I really like my surgeon. I think she’s brilliant and I’m lucky.

And let’s keep in mind I might be a literalist. I once called my mother-in-law to ask her thoughts about how long I should shake my baby’s formula since the directions were to Shake very, very well.

Not Before Using.

Not Before Using.

Not even Before Using, but Before Using.

This is serious stuff. Somewhere, experts in charge of creating nourishment for humans, baby ones, concluded that this food needed to be shaken well beyond the norms of any food in modern society.

I wouldn’t risk my baby’s health for whatever the consequences of shaking the formula only well would bring.

To this day, 30 years later, mention this story and my mother-in-law goes into a full-on, can’t-catch-her-breath, hold-her-gut hysteria. “Oh, C’mon!” I say. “I was worried about your grandson!”

And in my defense, why couldn’t they just write Shake for Three Minutes (or five, or nine or whatever very, very well means.
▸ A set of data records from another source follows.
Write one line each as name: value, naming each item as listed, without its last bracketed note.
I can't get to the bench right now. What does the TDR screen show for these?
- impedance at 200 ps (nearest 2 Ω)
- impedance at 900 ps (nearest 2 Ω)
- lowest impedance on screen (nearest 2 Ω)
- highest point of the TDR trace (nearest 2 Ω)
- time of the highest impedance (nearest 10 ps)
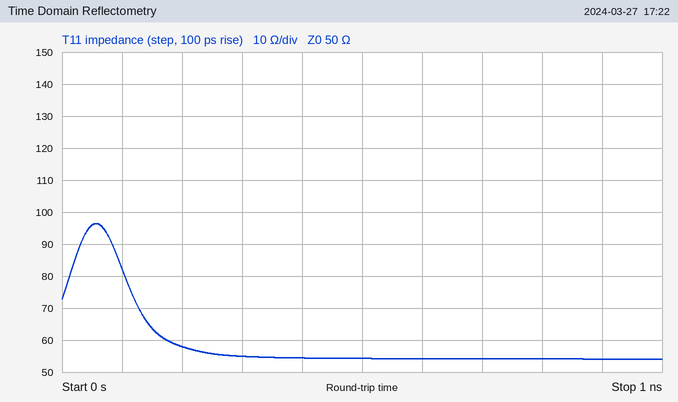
impedance at 200 ps: 58 Ω
impedance at 900 ps: 54 Ω
lowest impedance on screen: 54 Ω
highest point of the TDR trace: 96 Ω
time of the highest impedance: 60 ps
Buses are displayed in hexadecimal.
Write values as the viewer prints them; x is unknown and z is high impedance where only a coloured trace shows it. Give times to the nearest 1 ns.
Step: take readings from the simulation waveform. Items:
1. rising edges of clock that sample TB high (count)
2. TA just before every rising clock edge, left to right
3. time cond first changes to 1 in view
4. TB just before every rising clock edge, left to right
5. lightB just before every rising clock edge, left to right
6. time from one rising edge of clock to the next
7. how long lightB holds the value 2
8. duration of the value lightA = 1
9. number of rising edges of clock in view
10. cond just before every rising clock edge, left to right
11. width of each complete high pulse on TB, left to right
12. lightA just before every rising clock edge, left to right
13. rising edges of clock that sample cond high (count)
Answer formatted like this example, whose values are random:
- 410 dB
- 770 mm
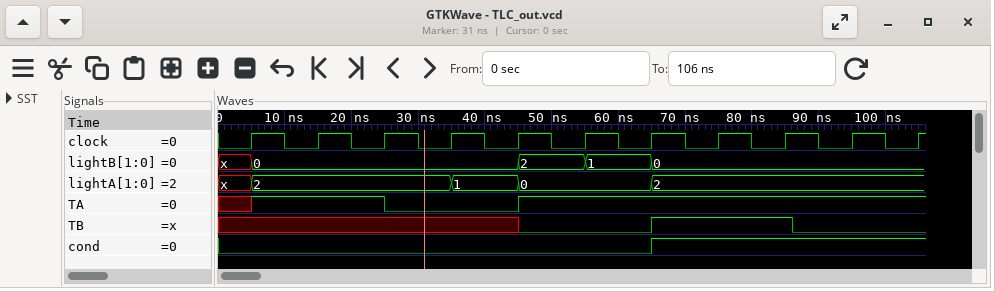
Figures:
- 2
- x 1 1 0 0 1 1 1 1 1 1
- 65 ns
- x x x x x 0 0 1 1 0 0
- x, 0, 0, 0, 0, 2, 1, 0, 0, 0, 0
- 10 ns
- 10 ns
- 10 ns
- 11
- 0 0 0 0 0 0 0 1 1 1 1
- 21 ns
- x, 2, 2, 2, 1, 0, 0, 2, 2, 2, 2
- 4
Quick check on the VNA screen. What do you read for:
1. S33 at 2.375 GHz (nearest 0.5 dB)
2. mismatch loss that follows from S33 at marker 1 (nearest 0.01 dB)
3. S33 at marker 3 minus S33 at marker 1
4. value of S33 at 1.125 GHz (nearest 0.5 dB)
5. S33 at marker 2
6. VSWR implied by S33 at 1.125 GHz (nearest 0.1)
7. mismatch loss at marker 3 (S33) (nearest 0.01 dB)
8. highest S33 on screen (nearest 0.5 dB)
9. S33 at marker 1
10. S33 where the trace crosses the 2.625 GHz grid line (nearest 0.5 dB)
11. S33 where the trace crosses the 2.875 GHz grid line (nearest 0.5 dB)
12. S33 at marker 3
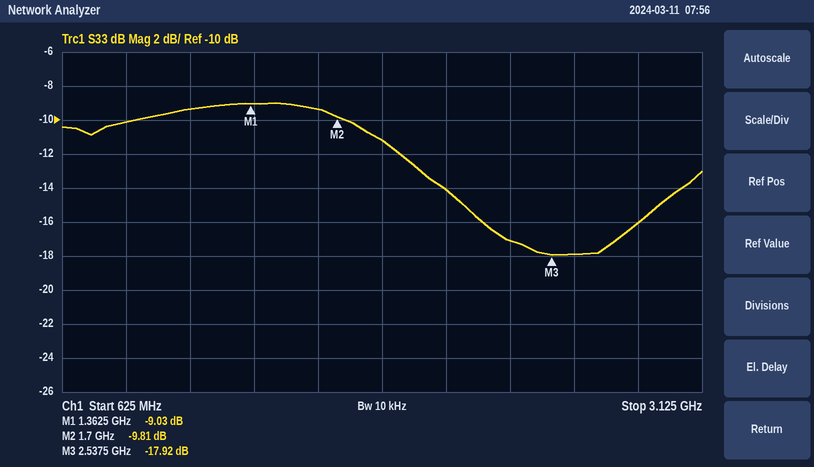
-17.0 dB
0.58 dB
-8.89 dB
-9.5 dB
-9.81 dB
2.0
0.07 dB
-9.0 dB
-9.03 dB
-18.0 dB
-16.0 dB
-17.92 dB
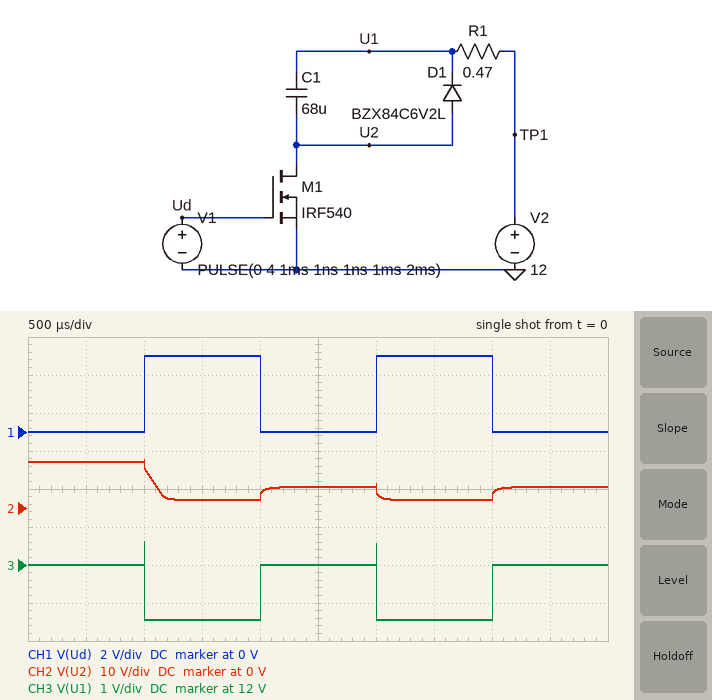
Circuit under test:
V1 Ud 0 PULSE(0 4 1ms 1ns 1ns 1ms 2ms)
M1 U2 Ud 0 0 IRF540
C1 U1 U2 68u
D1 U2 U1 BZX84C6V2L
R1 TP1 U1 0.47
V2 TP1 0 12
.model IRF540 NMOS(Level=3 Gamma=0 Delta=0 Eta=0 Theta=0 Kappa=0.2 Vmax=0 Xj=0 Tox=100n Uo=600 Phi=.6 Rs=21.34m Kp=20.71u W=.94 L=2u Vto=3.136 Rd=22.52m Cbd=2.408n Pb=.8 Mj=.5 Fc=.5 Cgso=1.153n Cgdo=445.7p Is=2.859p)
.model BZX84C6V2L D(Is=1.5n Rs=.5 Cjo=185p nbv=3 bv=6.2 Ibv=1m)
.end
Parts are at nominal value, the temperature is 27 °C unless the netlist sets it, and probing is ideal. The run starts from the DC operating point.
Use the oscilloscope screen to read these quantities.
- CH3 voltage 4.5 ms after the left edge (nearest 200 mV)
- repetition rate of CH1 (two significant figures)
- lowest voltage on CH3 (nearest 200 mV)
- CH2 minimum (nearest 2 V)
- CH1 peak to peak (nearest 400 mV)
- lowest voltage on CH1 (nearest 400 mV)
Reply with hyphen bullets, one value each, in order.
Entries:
- 12.0 V
- 500 Hz
- 10.6 V
- 2 V
- 4.0 V
- 0 V
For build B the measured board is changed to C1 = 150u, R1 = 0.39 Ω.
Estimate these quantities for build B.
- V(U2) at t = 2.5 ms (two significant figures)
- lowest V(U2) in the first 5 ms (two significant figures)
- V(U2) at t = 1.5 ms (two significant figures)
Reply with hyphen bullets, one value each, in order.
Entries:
- 5.5 V
- 2.4 V
- 2.6 V
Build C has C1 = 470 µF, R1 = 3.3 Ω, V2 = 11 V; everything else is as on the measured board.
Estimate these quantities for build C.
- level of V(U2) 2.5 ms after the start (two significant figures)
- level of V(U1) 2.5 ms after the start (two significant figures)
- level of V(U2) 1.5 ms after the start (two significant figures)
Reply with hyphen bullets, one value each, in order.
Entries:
- 6.0 V
- 11 V
- 480 mV
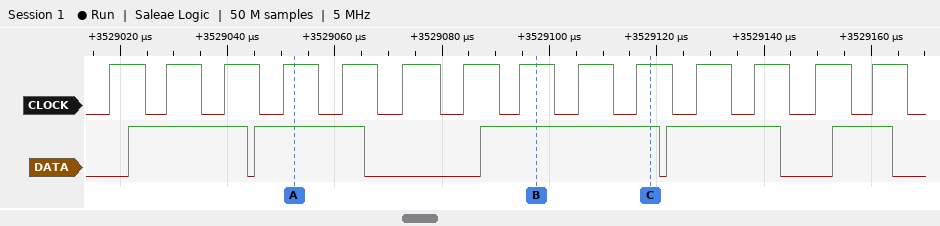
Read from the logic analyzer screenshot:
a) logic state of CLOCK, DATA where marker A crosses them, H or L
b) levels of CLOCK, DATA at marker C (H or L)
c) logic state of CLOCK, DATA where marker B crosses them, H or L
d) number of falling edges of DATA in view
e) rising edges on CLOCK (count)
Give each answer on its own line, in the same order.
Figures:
CLOCK=H, DATA=H
CLOCK=H, DATA=H
CLOCK=H, DATA=H
5
14
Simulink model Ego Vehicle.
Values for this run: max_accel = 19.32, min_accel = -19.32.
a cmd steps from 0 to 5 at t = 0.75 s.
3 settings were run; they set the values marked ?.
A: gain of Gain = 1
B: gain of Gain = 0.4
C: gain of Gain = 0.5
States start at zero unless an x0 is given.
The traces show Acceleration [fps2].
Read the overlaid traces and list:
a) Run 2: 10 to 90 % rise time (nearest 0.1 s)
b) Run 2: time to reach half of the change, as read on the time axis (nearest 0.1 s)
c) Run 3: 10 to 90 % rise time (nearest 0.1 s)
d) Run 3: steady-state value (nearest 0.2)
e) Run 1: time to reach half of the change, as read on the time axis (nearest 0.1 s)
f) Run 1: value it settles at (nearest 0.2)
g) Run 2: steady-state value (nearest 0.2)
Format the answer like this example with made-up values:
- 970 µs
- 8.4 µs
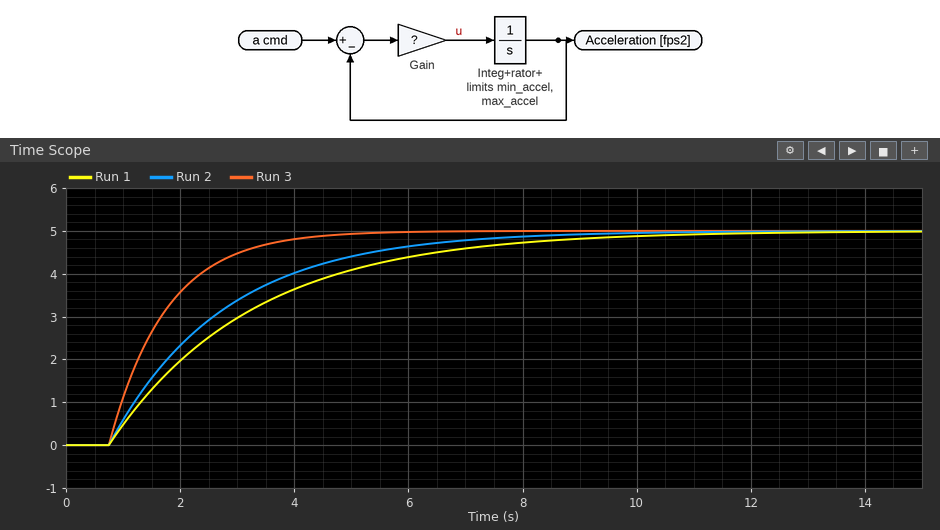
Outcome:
- 4.4 s
- 2.1 s
- 2.2 s
- 5.0
- 2.5 s
- 5.0
- 5.0
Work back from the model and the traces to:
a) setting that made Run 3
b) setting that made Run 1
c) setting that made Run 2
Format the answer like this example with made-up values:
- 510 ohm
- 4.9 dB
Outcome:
- A
- B
- C
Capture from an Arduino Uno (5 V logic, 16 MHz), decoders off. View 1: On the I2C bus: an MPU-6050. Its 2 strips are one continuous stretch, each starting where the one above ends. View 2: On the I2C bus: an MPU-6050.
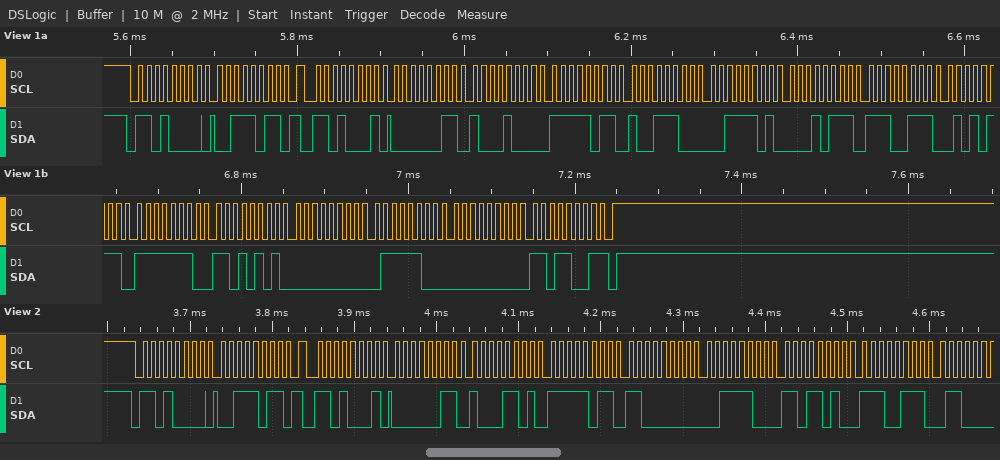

We still don’t know) and save this young mother confusion?

But, I digress.

Just for fun, if your doctor gave you these instructions, how would you go about using the cotton and Vaseline?

It didn’t feel like a “just do this” situation. It didn’t feel correct.

Let me explain…

In college, our communications professor gave us broadcasting students the assignment to create a video teaching an alien how to make a peanut butter and jelly sandwich.2

Technically, Curse of Knowledge is a cognitive bias that occurs when an individual, communicating with other individuals, unknowingly assumes that the others have the background to understand.

It’s difficult, if not impossible, to not know what you didn’t know once, now that you know it.

So, most students might have a list of instructions like this:

  1. Take a slice of bread.
  2. Use a knife and spread peanut butter on it.
  3. Then spread jelly on the other piece of bread.
  4. Put the two slices together and eat it.

Only, the bread is in a wrapper (remove a slice of bread from its wrapper). A knife has a sharp end and a handle (you must indicate which part of the knife to use).

We need more instruction. Remember, we are teaching an alien.

  • How do you get the peanut butter out of the jar? 
  • And the lid must be removed. You must hold the jar with your left hand (if you’re right-handed) and then turn the lid counter clockwise until the lid is free. Don’t forget to set the lid aside.
  • How much peanut butter should you use? 1 tablespoon? The entire jar?
  • How far do you spread the peanut butter? To the sides? Down the sides? Keep it in the middle?
  • How much jelly? Etc. Etc.
  • Which sides of the sandwich should you put together?
  • How is it eaten? With a fork and knife? With a spoon? With a crowbar? 
  • and so on…

We all need a bit more information to make sure our endeavors, even if it’s just making a sandwich, are successful.

Especially for us literalists.

Cheers to excellent communication!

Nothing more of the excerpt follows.